In parallel, TEs seem to be co-regulated with phospholipid metabolism, which directly affects the PI3K/AKT signaling pathway, central to the immune response. Alterations in phospholipid metabolism and the PI3K/AKT pathway were detected in our metabolic flux analysis and functional enrichment analysis, respectively. A recent screen for host genes required for SARS-CoV-2 infection identified three members from the PI3K pathway19. In addition, phosphatidylinositol metabolic processes are important for the infection of multiple coronaviruses33 and it is well-known that lipid metabolism is essential throughout the life cycle of several viruses81,82. Moreover, both glycerophospholipids and fatty acids were reported to be significantly dysregulated in COVID-19 patients83. Finally, alteration of fatty acid metabolites in COVID-19 patients was highly correlated with IL-6 levels84, showing the potential of genome-wide complementary approaches to better understand this complex disease.

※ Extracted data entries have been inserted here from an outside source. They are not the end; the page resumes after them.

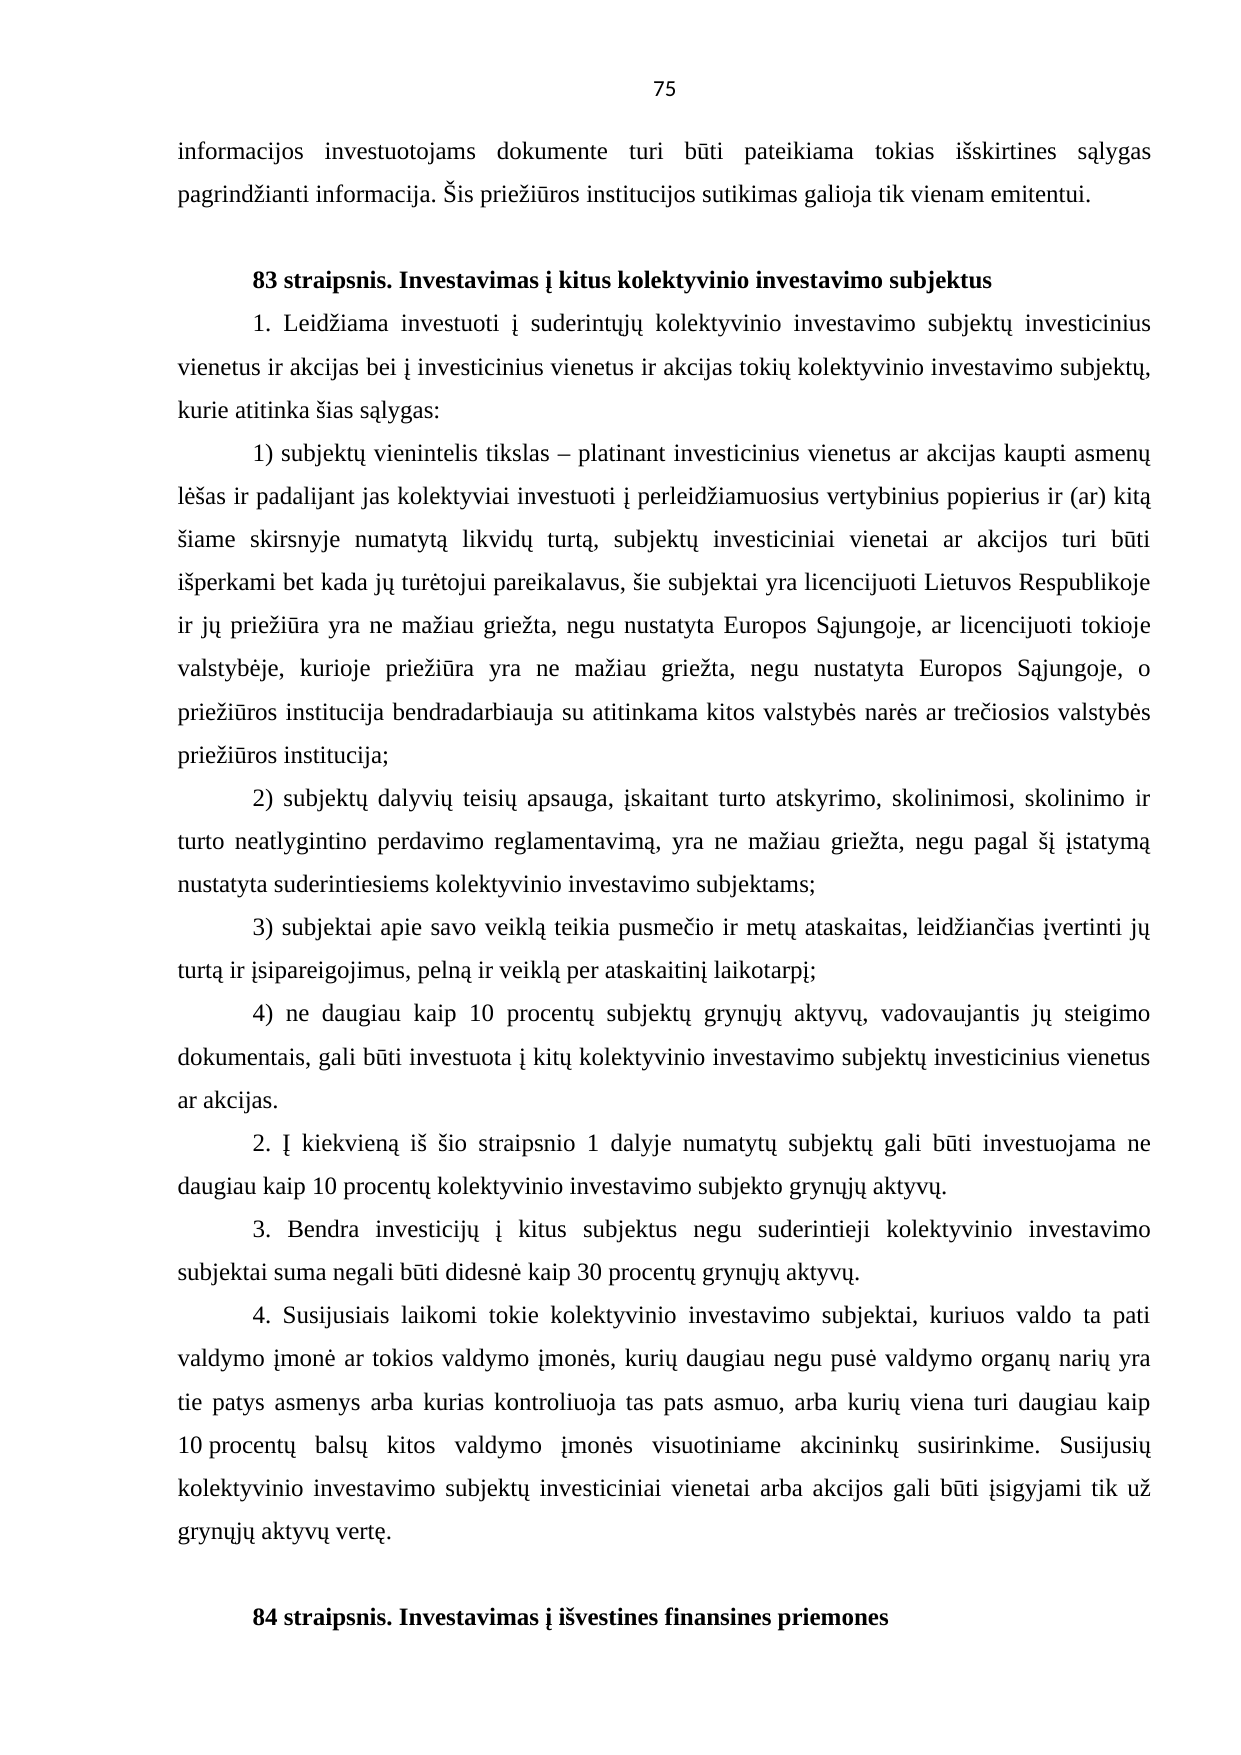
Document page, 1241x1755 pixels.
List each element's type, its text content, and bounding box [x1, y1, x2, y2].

text 84 straipsnis. Investavimas į išvestines finansines priemones [252, 1602, 1152, 1631]
text 83 straipsnis. Investavimas į kitus kolektyvinio investavimo subjektus [252, 265, 1152, 294]
text 1. Leidžiama investuoti į suderintųjų kolektyvinio investavimo subjektų investicinius vienetus ir akcijas bei į investicinius vienetus ir akcijas tokių kolektyvinio investavimo subjektų, kurie atitinka šias sąlygas: [177, 308, 1152, 423]
text informacijos investuotojams dokumente turi būti pateikiama tokias išskirtines sąlygas pagrindžianti informacija. Šis priežiūros institucijos sutikimas galioja tik vienam emitentui. [177, 136, 1152, 208]
text 4. Susijusiais laikomi tokie kolektyvinio investavimo subjektai, kuriuos valdo ta pati valdymo įmonė ar tokios valdymo įmonės, kurių daugiau negu pusė valdymo organų narių yra tie patys asmenys arba kurias kontroliuoja tas pats asmuo, arba kurių viena turi daugiau kaip 10 procentų balsų kitos valdymo įmonės visuotiniame akcininkų susirinkime. Susijusių kolektyvinio investavimo subjektų investiciniai vienetai arba akcijos gali būti įsigyjami tik už grynųjų aktyvų vertę. [177, 1300, 1152, 1545]
text 1) subjektų vienintelis tikslas – platinant investicinius vienetus ar akcijas kaupti asmenų lėšas ir padalijant jas kolektyviai investuoti į perleidžiamuosius vertybinius popierius ir (ar) kitą šiame skirsnyje numatytą likvidų turtą, subjektų investiciniai vienetai ar akcijos turi būti išperkami bet kada jų turėtojui pareikalavus, šie subjektai yra licencijuoti Lietuvos Respublikoje ir jų priežiūra yra ne mažiau griežta, negu nustatyta Europos Sąjungoje, ar licencijuoti tokioje valstybėje, kurioje priežiūra yra ne mažiau griežta, negu nustatyta Europos Sąjungoje, o priežiūros institucija bendradarbiauja su atitinkama kitos valstybės narės ar trečiosios valstybės priežiūros institucija; [177, 438, 1152, 768]
text 4) ne daugiau kaip 10 procentų subjektų grynųjų aktyvų, vadovaujantis jų steigimo dokumentais, gali būti investuota į kitų kolektyvinio investavimo subjektų investicinius vienetus ar akcijas. [177, 998, 1152, 1113]
text 3. Bendra investicijų į kitus subjektus negu suderintieji kolektyvinio investavimo subjektai suma negali būti didesnė kaip 30 procentų grynųjų aktyvų. [177, 1214, 1152, 1286]
text 2) subjektų dalyvių teisių apsauga, įskaitant turto atskyrimo, skolinimosi, skolinimo ir turto neatlygintino perdavimo reglamentavimą, yra ne mažiau griežta, negu pagal šį įstatymą nustatyta suderintiesiems kolektyvinio investavimo subjektams; [177, 783, 1152, 898]
text 2. Į kiekvieną iš šio straipsnio 1 dalyje numatytų subjektų gali būti investuojama ne daugiau kaip 10 procentų kolektyvinio investavimo subjekto grynųjų aktyvų. [177, 1128, 1152, 1200]
text 3) subjektai apie savo veiklą teikia pusmečio ir metų ataskaitas, leidžiančias įvertinti jų turtą ir įsipareigojimus, pelną ir veiklą per ataskaitinį laikotarpį; [177, 912, 1152, 984]

RBPs are likely candidates for host factors involved in the response of human cells to SARS-CoV-2, as well as viral manipulation of host machinery. During preparation of this study, two experimental studies85,86 reported hundreds of proteins that interact with SARS-CoV-2 RNA in human liver-derived cell lines. Encouragingly, they validated binding of several candidate proteins highlighted by our analysis (Table 2 and Supplementary Data 13). However, they did not identify the specific sites where these proteins bind to viral RNA and a deeper understanding of which RBPs promote or inhibit viral activity remains necessary. Our analysis complements these studies by (1) identifying putative binding sites for each protein on the viral genome, (2) identifying proteins whose binding sites were significantly enriched or depleted in the viral genome, and (3) identifying potential binding sites that are conserved and specific to SARS-CoV-2. We suggest that these proteins are likely to include functionally important interactions and should be the focus of experimental studies.

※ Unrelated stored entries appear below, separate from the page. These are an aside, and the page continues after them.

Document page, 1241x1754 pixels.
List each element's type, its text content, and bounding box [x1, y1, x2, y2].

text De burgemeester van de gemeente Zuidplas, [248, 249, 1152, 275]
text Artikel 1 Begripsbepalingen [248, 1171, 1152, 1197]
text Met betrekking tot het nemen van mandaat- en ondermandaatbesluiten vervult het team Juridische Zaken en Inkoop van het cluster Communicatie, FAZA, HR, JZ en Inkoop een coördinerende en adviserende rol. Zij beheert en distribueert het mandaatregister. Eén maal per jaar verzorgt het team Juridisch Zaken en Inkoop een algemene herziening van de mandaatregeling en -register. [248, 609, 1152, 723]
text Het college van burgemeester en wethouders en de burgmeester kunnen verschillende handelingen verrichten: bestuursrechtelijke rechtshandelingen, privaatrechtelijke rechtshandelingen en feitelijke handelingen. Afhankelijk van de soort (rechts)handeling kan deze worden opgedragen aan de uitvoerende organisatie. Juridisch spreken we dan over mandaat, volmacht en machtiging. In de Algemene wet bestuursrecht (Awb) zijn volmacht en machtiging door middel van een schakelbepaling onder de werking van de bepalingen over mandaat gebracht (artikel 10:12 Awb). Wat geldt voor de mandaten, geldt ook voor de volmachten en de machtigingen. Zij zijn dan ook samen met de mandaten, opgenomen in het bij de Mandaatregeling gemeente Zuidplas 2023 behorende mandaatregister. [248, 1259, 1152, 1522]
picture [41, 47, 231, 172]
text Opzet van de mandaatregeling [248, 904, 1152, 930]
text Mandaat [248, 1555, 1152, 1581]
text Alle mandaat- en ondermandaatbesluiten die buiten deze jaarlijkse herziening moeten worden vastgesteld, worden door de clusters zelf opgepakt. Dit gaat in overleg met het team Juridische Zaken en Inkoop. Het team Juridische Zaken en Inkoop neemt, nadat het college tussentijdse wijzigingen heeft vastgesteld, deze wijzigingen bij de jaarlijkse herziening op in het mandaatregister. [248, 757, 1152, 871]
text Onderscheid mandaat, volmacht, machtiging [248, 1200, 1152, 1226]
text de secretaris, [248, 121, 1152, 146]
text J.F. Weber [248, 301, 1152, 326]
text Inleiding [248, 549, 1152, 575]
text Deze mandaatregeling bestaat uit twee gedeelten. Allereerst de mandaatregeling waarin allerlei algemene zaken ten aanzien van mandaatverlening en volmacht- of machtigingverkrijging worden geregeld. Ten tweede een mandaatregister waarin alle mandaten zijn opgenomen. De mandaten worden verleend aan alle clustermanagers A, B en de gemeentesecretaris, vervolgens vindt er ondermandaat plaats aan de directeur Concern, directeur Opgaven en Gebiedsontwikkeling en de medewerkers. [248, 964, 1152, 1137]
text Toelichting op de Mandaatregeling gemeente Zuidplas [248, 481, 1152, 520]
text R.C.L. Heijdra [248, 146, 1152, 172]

One of the RBPs whose potential binding sites are enriched and conserved in the SARS-CoV-2 genome is eIF4b, suggesting that SARS-CoV-2 viral protein translation could be eIF4b dependent. We also detected upregulation of the EIF4B gene in A549 and Calu-3 cells, which might indicate that this protein is sequestered by the virus and, therefore, cells need to increase its production. Another conserved RBP, which was also upregulated in infected cells, is the PABPC1, which is involved in mRNA stability and translation. PABPC1 has been implicated in multiple viral infections; it is modulated to inhibit host protein translation, promoting viral RNA access to the host translational machinery87. Interestingly, PABPC1 and PABPC4 have been reported to interact with the SARS-CoV-2 N protein, which stabilizes the viral genome18. This raises the possibility that the viral genome, N protein, and human PABP proteins may participate in a joint protein–RNA complex that assists in viral genome stability, replication, and/or translation87,88,89,90,91.

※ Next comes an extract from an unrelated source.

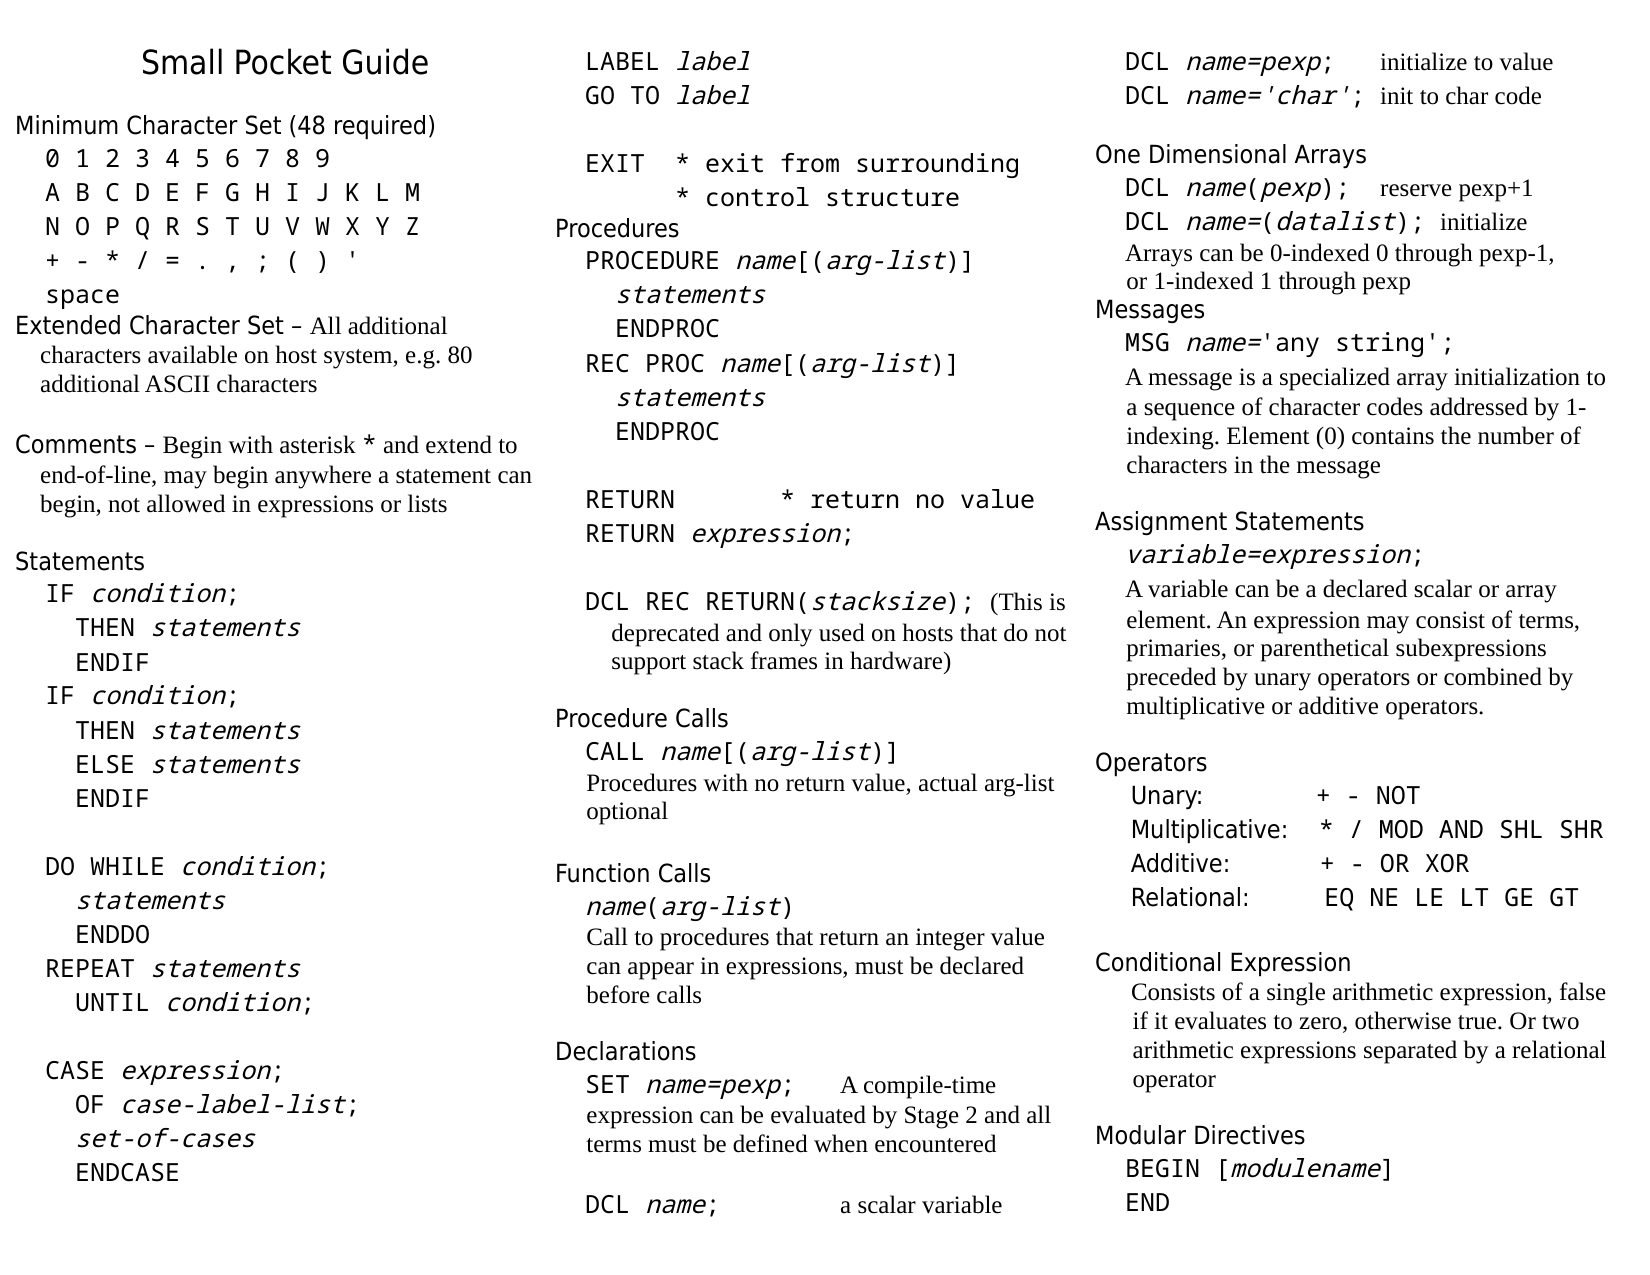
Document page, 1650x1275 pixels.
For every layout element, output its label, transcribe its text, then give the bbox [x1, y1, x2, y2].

Binding motifs for hnRNPA1 were enriched specifically in the 3′-UTR of SARS-CoV-2, even though they were depleted in the genome overall. hnRNPA1 interacts with 3′-UTRs of other coronaviruses and participates in transcription and replication of the murine hepatitis virus92,93,94. The hnRNPA1 gene, along with hnRNPA2B1, was downregulated in Calu-3 cells and, in contrast to the previous examples of upregulated genes, could denote a response from human cells to control viral replication.

Finally, we identified a significant association between a viral sequence variant and age of the host. The P323L mutation in the RdRP was previously shown to be associated with changes in geographical location of the viral strain95, although not with the age of the patient. It is possible that intracellular characteristics associated with senescence favor one allele in the polymerase over the other, such as stabilizing the interaction between the RdRp and the viral nsp8 proteins96,97. Such possibilities are consistent with previous indications that host cellular factors are critical to SARS-CoV-2 sequence evolution98. Our statistical analysis may contain sources of bias that are not limited to the number of genome sequences being collected earlier vs. later in the pandemic and the availability of genomes lacking complete clinical metadata. Although we examined patient sex as a possible covariate with age, it is impossible to account for all possible covariates due to the lack of data at the current time. Additional annotated datasets, as well as lab experiments are required to better elucidate the effect(s) of such viral sequence variants on the host response.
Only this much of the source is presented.